Se inclina por la visión más pesimista, apoyándose en las numerosas
falsificaciones deliberadas de documentos durante la Edad Media. Es
de gran interés su explicación sobre cómo se fue forjando a lo largo de
muchos años la supuesta frase de Felipe II tras la derrota de su Gran
Armada contra Inglaterra: “Yo no envié a mis barcos a luchar contra
los elementos” (pág. 68).
Uno de los puntos más sólidos del libro, y que requeriría sin duda
una investigación muchísimo más extensa, es la tendencia, consciente o inconsciente, a estructurar las narraciones, reales o ficticias,
siguiendo unos esquemas recurrentes que permiten ajustar a un
mismo molde la historia de dos países tan diferente y alejados como
Rusia y España (págs. 70 a 74 y 80 a 83).
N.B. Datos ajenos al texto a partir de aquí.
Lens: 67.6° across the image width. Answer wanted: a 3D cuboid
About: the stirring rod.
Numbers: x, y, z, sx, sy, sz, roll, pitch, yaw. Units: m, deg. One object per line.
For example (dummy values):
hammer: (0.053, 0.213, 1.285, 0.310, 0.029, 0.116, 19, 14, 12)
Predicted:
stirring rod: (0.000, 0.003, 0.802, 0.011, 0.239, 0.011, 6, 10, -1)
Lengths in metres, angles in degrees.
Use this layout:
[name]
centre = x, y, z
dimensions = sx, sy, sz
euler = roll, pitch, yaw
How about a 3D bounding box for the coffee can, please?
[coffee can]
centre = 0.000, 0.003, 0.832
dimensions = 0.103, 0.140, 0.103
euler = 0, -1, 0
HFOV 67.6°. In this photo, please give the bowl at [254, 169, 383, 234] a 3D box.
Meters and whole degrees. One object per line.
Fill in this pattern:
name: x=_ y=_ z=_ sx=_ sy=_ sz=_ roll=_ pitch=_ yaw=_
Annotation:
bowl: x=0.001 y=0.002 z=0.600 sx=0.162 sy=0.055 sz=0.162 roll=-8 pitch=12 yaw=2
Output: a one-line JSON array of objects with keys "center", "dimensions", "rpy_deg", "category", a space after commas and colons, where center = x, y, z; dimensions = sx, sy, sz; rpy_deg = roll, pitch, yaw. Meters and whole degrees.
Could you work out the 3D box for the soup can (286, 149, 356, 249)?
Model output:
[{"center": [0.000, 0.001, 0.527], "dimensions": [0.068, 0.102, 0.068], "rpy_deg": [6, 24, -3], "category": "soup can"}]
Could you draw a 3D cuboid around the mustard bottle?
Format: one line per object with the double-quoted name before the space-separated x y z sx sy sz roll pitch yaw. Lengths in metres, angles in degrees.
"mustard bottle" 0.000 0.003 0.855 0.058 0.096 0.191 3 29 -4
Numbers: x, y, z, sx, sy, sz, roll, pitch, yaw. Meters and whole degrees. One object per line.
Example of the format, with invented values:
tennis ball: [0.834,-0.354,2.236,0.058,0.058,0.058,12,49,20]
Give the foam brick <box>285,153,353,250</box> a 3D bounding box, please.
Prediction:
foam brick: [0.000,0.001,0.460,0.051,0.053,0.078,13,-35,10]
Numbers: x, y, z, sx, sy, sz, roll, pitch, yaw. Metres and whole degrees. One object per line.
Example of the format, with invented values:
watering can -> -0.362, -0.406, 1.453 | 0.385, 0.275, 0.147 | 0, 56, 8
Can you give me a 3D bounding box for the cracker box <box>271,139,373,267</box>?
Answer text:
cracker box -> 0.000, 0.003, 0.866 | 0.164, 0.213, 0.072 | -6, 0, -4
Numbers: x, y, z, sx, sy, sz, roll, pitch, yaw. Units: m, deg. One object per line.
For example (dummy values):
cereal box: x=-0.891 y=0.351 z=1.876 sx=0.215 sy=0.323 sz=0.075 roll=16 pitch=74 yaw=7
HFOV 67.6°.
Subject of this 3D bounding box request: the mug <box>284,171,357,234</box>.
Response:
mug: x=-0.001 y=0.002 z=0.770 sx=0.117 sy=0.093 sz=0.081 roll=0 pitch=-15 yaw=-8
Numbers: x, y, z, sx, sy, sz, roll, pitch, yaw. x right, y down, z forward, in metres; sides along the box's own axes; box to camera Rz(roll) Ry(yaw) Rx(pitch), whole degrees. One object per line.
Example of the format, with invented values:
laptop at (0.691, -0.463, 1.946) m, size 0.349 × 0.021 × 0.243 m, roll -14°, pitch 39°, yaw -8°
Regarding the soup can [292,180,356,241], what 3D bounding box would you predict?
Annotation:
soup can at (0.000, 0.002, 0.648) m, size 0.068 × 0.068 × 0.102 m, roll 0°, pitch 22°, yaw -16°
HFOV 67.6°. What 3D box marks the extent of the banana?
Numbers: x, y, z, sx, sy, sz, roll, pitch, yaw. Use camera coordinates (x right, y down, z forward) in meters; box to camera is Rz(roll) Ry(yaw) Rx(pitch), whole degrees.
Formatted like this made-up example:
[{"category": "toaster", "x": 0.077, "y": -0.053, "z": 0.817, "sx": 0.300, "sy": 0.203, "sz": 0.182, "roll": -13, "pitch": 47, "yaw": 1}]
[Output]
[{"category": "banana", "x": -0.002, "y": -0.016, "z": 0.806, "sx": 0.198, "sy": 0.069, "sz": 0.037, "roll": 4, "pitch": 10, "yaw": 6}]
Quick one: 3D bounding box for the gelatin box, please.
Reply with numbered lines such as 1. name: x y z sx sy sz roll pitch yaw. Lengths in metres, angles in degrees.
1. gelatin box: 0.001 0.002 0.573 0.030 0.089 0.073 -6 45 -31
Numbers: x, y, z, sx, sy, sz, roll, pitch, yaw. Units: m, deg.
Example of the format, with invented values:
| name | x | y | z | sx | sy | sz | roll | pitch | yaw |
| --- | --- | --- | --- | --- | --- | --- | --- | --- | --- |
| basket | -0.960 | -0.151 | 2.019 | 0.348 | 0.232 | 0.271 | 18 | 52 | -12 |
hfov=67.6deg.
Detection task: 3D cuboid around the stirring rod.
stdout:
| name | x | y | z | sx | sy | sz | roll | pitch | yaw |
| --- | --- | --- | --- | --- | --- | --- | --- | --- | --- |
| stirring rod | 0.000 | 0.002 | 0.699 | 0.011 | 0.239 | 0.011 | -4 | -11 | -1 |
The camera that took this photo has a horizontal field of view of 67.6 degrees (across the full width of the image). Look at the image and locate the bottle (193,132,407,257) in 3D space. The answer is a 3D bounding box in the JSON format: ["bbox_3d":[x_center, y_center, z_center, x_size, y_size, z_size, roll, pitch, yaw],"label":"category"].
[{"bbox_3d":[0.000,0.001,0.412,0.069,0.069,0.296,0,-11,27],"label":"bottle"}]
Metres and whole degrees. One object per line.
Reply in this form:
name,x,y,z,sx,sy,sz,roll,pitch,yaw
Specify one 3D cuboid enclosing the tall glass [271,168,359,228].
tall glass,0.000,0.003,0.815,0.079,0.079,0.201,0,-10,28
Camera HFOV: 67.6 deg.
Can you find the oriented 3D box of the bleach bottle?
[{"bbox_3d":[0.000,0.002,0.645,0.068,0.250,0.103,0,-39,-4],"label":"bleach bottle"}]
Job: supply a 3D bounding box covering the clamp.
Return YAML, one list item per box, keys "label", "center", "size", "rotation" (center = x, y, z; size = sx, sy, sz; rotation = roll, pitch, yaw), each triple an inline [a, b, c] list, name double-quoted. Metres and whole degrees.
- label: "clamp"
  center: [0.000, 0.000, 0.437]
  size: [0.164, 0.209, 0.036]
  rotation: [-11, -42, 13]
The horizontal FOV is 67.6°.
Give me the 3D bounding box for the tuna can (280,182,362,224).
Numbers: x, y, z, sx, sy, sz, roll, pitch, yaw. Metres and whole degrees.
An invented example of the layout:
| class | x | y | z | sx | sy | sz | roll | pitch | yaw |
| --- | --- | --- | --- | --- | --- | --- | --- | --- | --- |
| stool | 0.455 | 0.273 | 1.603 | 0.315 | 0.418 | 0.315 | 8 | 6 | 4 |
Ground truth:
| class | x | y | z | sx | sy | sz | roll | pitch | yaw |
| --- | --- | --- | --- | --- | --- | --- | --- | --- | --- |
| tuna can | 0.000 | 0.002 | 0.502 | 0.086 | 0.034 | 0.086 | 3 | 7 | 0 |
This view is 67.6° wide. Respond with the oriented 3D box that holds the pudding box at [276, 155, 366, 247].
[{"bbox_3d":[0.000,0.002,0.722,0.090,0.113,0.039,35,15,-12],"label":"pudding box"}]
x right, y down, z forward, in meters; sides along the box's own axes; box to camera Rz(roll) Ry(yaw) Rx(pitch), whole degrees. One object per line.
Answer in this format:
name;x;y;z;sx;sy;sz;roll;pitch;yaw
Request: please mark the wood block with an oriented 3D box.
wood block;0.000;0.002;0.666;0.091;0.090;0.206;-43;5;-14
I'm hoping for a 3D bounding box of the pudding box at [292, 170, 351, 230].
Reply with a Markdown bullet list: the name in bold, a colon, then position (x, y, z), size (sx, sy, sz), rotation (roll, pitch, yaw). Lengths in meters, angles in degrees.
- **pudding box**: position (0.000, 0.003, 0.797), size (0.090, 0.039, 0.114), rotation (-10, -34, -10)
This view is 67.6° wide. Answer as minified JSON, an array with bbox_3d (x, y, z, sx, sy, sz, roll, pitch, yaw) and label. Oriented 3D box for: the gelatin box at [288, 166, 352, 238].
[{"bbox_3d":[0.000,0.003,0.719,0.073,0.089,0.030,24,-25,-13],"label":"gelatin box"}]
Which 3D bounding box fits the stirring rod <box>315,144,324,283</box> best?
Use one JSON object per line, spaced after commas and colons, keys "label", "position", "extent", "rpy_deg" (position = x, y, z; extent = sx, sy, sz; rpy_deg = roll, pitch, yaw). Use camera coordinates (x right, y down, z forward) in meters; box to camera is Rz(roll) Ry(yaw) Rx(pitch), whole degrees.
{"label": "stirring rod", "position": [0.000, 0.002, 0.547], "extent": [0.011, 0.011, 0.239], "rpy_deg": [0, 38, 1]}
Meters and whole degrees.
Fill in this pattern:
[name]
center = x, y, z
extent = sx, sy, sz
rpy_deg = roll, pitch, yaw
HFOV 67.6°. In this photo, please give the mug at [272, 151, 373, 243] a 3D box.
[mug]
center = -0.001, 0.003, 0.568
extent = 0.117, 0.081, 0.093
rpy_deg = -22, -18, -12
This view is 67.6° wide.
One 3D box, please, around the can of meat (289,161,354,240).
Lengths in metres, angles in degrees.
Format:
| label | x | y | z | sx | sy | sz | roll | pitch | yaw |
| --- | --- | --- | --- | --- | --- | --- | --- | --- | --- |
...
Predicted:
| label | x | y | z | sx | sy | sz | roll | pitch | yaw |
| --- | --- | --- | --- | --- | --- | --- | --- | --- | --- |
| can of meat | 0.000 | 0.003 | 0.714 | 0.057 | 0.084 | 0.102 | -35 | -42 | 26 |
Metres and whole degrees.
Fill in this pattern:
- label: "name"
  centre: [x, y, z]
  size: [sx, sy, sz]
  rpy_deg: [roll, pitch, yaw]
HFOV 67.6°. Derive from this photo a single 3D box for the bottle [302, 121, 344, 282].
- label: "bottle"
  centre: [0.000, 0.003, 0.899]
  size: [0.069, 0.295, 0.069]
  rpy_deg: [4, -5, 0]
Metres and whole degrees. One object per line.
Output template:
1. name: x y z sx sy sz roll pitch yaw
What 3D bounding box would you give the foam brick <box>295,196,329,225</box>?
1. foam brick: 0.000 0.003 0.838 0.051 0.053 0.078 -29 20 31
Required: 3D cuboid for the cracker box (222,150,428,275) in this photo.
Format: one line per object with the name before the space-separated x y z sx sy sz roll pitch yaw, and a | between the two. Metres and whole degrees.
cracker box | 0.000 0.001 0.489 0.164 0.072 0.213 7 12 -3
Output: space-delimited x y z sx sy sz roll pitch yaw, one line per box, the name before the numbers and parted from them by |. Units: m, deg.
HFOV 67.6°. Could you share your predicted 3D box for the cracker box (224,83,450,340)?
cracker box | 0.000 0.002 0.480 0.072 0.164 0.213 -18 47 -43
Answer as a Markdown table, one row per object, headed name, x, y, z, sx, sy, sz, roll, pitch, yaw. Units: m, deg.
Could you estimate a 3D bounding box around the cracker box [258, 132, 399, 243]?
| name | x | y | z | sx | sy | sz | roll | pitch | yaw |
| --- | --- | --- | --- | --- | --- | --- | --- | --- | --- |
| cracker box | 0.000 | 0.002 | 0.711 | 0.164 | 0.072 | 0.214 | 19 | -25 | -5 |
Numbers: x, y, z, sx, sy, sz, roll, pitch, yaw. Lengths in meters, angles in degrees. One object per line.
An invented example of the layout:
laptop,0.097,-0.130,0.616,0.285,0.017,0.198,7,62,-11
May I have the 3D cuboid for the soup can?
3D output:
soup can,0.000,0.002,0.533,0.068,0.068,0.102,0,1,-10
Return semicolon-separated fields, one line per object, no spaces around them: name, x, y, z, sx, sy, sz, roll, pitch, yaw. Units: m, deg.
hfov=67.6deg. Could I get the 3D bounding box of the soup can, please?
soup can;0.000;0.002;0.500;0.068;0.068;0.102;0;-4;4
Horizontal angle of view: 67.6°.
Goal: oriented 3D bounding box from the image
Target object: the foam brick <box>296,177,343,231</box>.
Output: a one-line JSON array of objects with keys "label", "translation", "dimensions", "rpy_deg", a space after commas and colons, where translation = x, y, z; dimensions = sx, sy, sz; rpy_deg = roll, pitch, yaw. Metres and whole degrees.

De ahí se deriva automáticamente otro factor a tener en cuenta: las historias suprimidas, como
aquellos periodos de la Reconquista en los que no se produjo reconquista alguna (pág. 78), o las otras armadas enviadas contra Inglaterra
tras la Armada ‘Invencible’ (pág. 79).
Por supuesto, no podía faltar un clásico de la seudohistoria: la forma
en la que cambia la visión de ciertos periodos o acontecimientos al
compás de las luchas políticas o las polémicas de cada momento, ya
sean los celtiberos, los visigodos, los árabes o los Reyes Católicos
(págs. 101 a 111). Otros puntos fuertes son su crítica, casi siempre
razonada y constructiva, de la pintura histórica decimonónica (cap.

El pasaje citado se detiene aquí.